━━━━━ AVAILABLE DATA ━━━━━
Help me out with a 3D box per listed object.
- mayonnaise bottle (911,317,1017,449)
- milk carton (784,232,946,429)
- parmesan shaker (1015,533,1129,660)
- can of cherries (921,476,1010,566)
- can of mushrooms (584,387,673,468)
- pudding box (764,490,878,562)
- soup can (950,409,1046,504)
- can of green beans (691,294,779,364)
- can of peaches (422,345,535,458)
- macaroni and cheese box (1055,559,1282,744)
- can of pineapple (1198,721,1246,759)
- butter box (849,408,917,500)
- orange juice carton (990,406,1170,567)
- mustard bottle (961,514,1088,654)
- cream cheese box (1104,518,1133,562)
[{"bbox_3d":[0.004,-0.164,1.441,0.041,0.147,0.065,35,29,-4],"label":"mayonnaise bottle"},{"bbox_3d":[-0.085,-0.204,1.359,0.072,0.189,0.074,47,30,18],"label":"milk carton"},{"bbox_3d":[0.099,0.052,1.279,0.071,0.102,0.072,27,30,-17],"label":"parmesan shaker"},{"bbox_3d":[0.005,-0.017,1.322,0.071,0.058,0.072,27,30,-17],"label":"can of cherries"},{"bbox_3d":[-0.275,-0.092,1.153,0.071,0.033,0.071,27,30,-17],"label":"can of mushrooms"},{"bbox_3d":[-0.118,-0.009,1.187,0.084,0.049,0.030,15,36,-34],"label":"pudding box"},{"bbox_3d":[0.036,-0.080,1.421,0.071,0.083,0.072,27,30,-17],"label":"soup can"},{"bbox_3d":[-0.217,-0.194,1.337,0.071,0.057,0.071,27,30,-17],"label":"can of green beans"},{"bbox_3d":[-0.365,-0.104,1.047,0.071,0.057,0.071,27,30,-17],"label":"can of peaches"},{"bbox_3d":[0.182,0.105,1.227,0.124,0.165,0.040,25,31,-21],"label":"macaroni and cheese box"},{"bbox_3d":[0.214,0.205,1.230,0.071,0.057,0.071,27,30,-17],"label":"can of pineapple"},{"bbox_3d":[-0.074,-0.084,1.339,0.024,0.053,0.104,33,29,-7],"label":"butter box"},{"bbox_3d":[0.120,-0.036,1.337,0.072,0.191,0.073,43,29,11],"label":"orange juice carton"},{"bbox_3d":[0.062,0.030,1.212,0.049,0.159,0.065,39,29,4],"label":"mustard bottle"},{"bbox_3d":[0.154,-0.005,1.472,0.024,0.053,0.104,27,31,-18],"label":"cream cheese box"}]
━━━━━
WHAT IS EXPECTED:
Please transcribe the records above in full, keeping every word.

RESULT FOR THIS EXERCISE:
Help me out with a 3D box per listed object.
- mayonnaise bottle (911,317,1017,449)
- milk carton (784,232,946,429)
- parmesan shaker (1015,533,1129,660)
- can of cherries (921,476,1010,566)
- can of mushrooms (584,387,673,468)
- pudding box (764,490,878,562)
- soup can (950,409,1046,504)
- can of green beans (691,294,779,364)
- can of peaches (422,345,535,458)
- macaroni and cheese box (1055,559,1282,744)
- can of pineapple (1198,721,1246,759)
- butter box (849,408,917,500)
- orange juice carton (990,406,1170,567)
- mustard bottle (961,514,1088,654)
- cream cheese box (1104,518,1133,562)
[{"bbox_3d":[0.004,-0.164,1.441,0.041,0.147,0.065,35,29,-4],"label":"mayonnaise bottle"},{"bbox_3d":[-0.085,-0.204,1.359,0.072,0.189,0.074,47,30,18],"label":"milk carton"},{"bbox_3d":[0.099,0.052,1.279,0.071,0.102,0.072,27,30,-17],"label":"parmesan shaker"},{"bbox_3d":[0.005,-0.017,1.322,0.071,0.058,0.072,27,30,-17],"label":"can of cherries"},{"bbox_3d":[-0.275,-0.092,1.153,0.071,0.033,0.071,27,30,-17],"label":"can of mushrooms"},{"bbox_3d":[-0.118,-0.009,1.187,0.084,0.049,0.030,15,36,-34],"label":"pudding box"},{"bbox_3d":[0.036,-0.080,1.421,0.071,0.083,0.072,27,30,-17],"label":"soup can"},{"bbox_3d":[-0.217,-0.194,1.337,0.071,0.057,0.071,27,30,-17],"label":"can of green beans"},{"bbox_3d":[-0.365,-0.104,1.047,0.071,0.057,0.071,27,30,-17],"label":"can of peaches"},{"bbox_3d":[0.182,0.105,1.227,0.124,0.165,0.040,25,31,-21],"label":"macaroni and cheese box"},{"bbox_3d":[0.214,0.205,1.230,0.071,0.057,0.071,27,30,-17],"label":"can of pineapple"},{"bbox_3d":[-0.074,-0.084,1.339,0.024,0.053,0.104,33,29,-7],"label":"butter box"},{"bbox_3d":[0.120,-0.036,1.337,0.072,0.191,0.073,43,29,11],"label":"orange juice carton"},{"bbox_3d":[0.062,0.030,1.212,0.049,0.159,0.065,39,29,4],"label":"mustard bottle"},{"bbox_3d":[0.154,-0.005,1.472,0.024,0.053,0.104,27,31,-18],"label":"cream cheese box"}]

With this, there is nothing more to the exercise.